What makes me wonder... are carbon steel edges supposed to go all blunt when they patinate, as the OP suggests? I don't think mine do, at least not from ALL things that make them patinate (tomatoes seem to be bad for fresh edges, but an apple a day seems to keep the whetstone away...) and not QUICK.... paper strop and bob's your uncle...

BTW, one thing that can really give you jigane rust: Unsealed handles and storing them blade down in a non-absorbing, non-ventilated knife block  Need I spell out what happens when you return them to the block freshly washed?

BTW2, the Tojiro YS I have and think is not TOO bad is a Migaki/Fake-Kasumi, not a Kurouchi. Maybe there is a difference.


----------



## Benuser

LifeByA1000Cuts said:


> ER, subjective impression* : Hokiyama AS Nak. < Goko W#1 Gyuto , both at 12dps, both similarly used.
> 
> *as in, oh I think I need to sharpen the damned nakiri again....


If you're concerned with edge retention I don't understand a 24 degree inclusive angle. Add a bit more, please. Some 40 degree inclusive will benefit to edge stability and if the blade is thin enough, performance won't suffer. Please respect the blade's geometry, never seen a symmetric edge working well.


----------



## da_bsg

Yeah guys I quite happy with VG-10 steel. I using a vg-10 12 inch gyuto it performs fantastic, My Deba knife 150mm using GIN 3 stainless steel, it sharpness is excellent. 

I also have shirogami Sashimi and usuba knife from Tojiro, their sharpness are very good also they can hold the sharpness for long time. But just this F-695 gyuto. The Shirogami is crap, could it be not heat treated properly I think.

And for my these SKD experience. It super easy to gel dull and rust. Maybe I bad luck to got. A low grade SKD steel knife online. 

In summary. I really dont fancy that carbon steel which can rust make out of the core of gyuto. Bad combination.

I buy the SKD knife from this website, inside got my review too: http://item.rakuten.co.jp/yminfo/1417371/


----------



## LifeByA1000Cuts

@Benuser did only state the angle to make clear that the two knives compared are at the same angle.


----------



## Matus

da_bsg said:


> ...
> And for my these SKD experience. It super easy to gel dull and rust. Maybe I bad luck to got. A low grade SKD steel knife online.
> ... http://item.rakuten.co.jp/yminfo/1417371/



Oh, that explains a lot. Get yourself a Yoshikane SKD and then see what you think about that steel.


----------



## supersayan3

I work in a very hectic kitchen and white is my favorite steel.
Once a week I polish my knives.
Edge retention is bad compared to AS, maybe I have to touch up once twice per shift, maybe even 3 times, (touch up- not sharpen) since it gives me pleasure to have them top sharp.
Theoretically they can rust, in action I find it impossible to rust, even through a double weekend shift on the line.
My favorite steel to go.
Only SG2 can compare from stainless, but still....

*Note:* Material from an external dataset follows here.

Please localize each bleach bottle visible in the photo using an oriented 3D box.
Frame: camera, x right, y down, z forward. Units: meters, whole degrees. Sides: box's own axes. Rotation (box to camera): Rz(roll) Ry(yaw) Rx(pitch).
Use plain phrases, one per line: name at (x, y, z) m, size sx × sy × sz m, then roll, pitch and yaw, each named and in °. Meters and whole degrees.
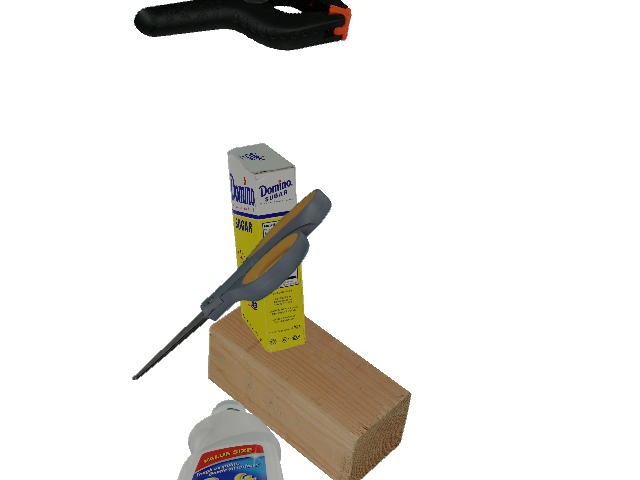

What I can't understand, is how a magnolia handle knife can have good balance... Good unbalance describes it better


----------



## James

Matus said:


> Oh, that explains a lot. Get yourself a Yoshikane SKD and then see what you think about that steel.



AFAIK, that is a yoshikane. It says it's made by Yamamoto Kazuomi, who is one of the Yoshikane smiths. Here's one of the seller's pages in global rakuten - http://global.rakuten.com/en/store/yminfo/item/10002732/


----------